The Shadow of a Gunman by Seán O’Casey

Somebody shot up Uncle Jimmy’s house.

The finger of blame was pointed at his nephew, Jonathan Dowdall.

The home of Dowdall’s uncle on the Howth Road in Raheny on Dublin’s northside was shot at in late March 2011. Gardaí investigated the incident, taking forensic evidence and witness statements, but nobody was ever charged.

Dowdall’s name was continually linked with the shooting, both directly and indirectly, amid suggestions of IRA involvement in carrying out the attack.

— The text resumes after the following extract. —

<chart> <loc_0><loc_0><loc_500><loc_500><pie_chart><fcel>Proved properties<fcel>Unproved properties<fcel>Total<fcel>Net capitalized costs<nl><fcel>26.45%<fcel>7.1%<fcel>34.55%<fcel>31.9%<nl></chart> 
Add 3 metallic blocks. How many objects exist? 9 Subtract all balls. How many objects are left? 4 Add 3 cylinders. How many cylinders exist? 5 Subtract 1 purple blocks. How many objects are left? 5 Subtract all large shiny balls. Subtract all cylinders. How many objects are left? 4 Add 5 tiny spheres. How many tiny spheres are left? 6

Also from that period, there are stories about Dowdall beating up his totally innocent uncle at a family wedding.

The gunshots fired at the house are now key to whether Mary Lou McDonald had any knowledge of her protégé’s involvement in criminality after the Special Criminal Court heard evidence Sinn Féin actually questioned him about the episode.

Branded a “proven liar” and “a master manipulator”, Dowdall managed to wangle his way to the highest ranks of Sinn Féin, apparently without anyone realising he was a gangland criminal.

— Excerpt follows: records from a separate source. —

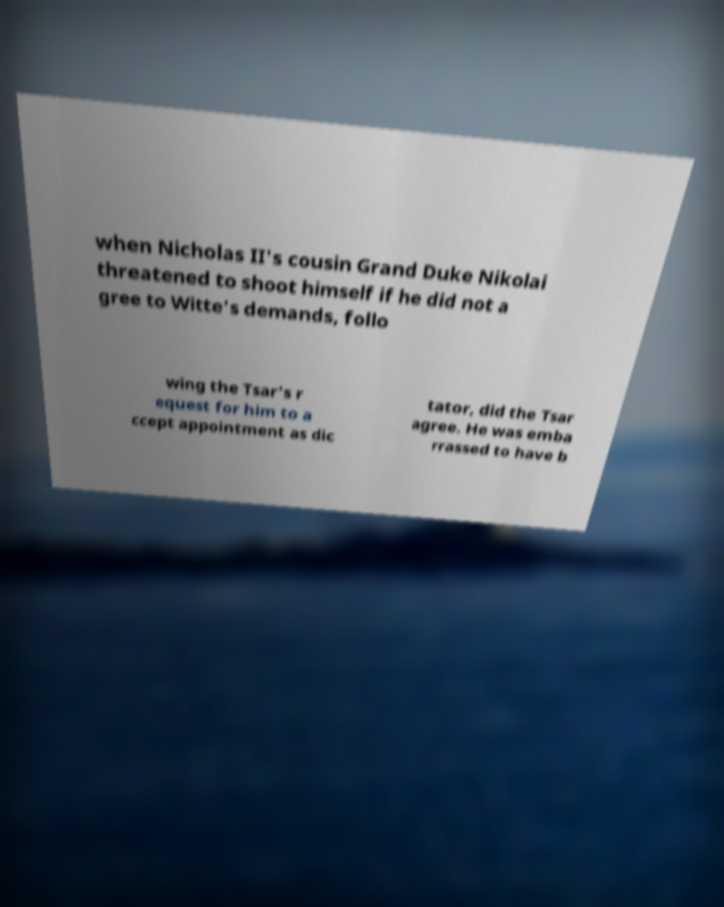Please identify and transcribe the text found in this image. when Nicholas II's cousin Grand Duke Nikolai threatened to shoot himself if he did not a gree to Witte's demands, follo wing the Tsar's r equest for him to a ccept appointment as dic tator, did the Tsar agree. He was emba rrassed to have b 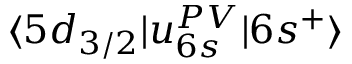<formula> <loc_0><loc_0><loc_500><loc_500>\langle 5 d _ { 3 / 2 } | u _ { 6 s } ^ { P V } | 6 s ^ { + } \rangle</formula> 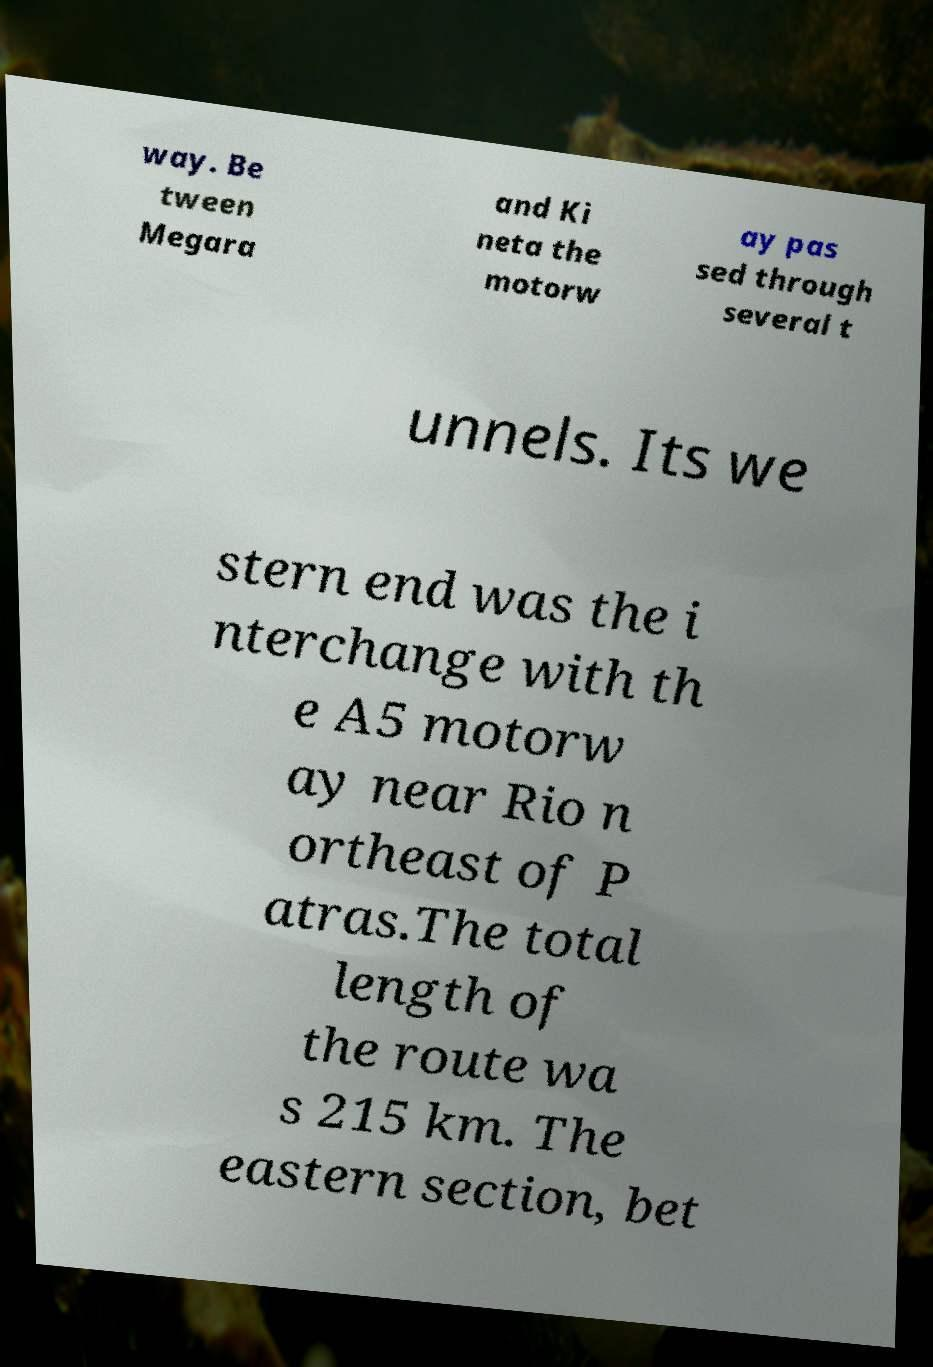Can you accurately transcribe the text from the provided image for me? way. Be tween Megara and Ki neta the motorw ay pas sed through several t unnels. Its we stern end was the i nterchange with th e A5 motorw ay near Rio n ortheast of P atras.The total length of the route wa s 215 km. The eastern section, bet 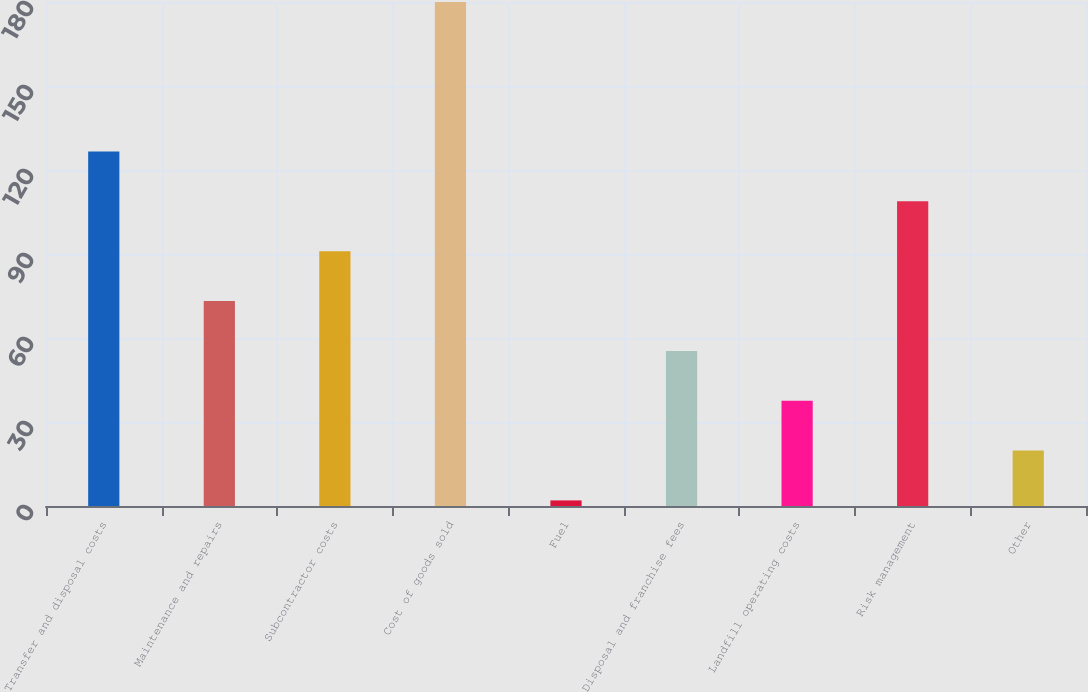Convert chart to OTSL. <chart><loc_0><loc_0><loc_500><loc_500><bar_chart><fcel>Transfer and disposal costs<fcel>Maintenance and repairs<fcel>Subcontractor costs<fcel>Cost of goods sold<fcel>Fuel<fcel>Disposal and franchise fees<fcel>Landfill operating costs<fcel>Risk management<fcel>Other<nl><fcel>126.6<fcel>73.2<fcel>91<fcel>180<fcel>2<fcel>55.4<fcel>37.6<fcel>108.8<fcel>19.8<nl></chart>

In her ruling yesterday, Ms Justice Tara Burns did not hold back on Dowdall’s character, describing him as a “ruthless, base, callous criminal” and said he told “lie after lie” to the gardaí. Eviscerating his reliability as a witness, she also said he was a “suspected member of the IRA”. She referred to his relationship with Pearse McAuley: “an infamous and dangerous terrorist of long-standing”. McAuley was one of the IRA men convicted of killing Detective Garda Jerry McCabe in Co Limerick in June 1996 and was collected from prison on his release in 2009 by then Sinn Féin TD Martin Ferris. McAuley is back in jail for a frenzied attack on his estranged wife, now Sinn Féin TD Pauline Tully, in her home. Dowdall visited McAuley 14 times when he was in prison too and then went to him to contact dissident republicans to intervene in the Kinahan-Hutch feud. It all adds to the mystery about how Sinn Féin missed that McDonald’s rising star was so deeply involved in criminality.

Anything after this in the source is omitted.